» What you should do
Exactly and only the lines from the first entry through the line with "Camera HFOV: 21.5 deg." should be copied, both ends included, with no pictures.

» Data for review
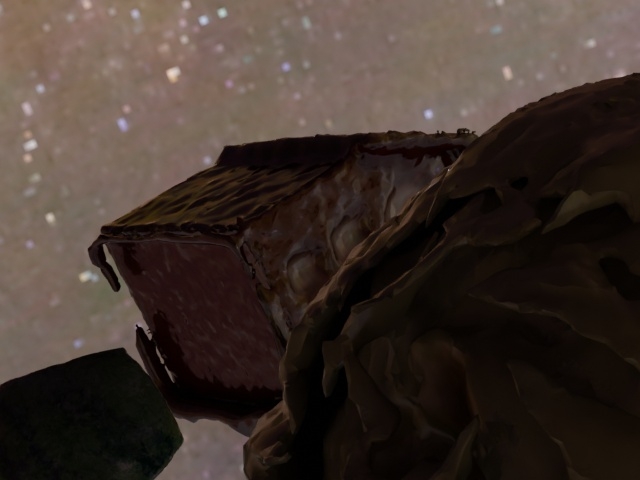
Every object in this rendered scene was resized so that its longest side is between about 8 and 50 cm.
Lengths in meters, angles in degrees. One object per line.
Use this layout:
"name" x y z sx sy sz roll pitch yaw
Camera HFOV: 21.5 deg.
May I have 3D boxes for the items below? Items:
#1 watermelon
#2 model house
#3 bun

» Output
Every object in this rendered scene was resized so that its longest side is between about 8 and 50 cm.
Lengths in meters, angles in degrees. One object per line.
Use this layout:
"name" x y z sx sy sz roll pitch yaw
Camera HFOV: 21.5 deg.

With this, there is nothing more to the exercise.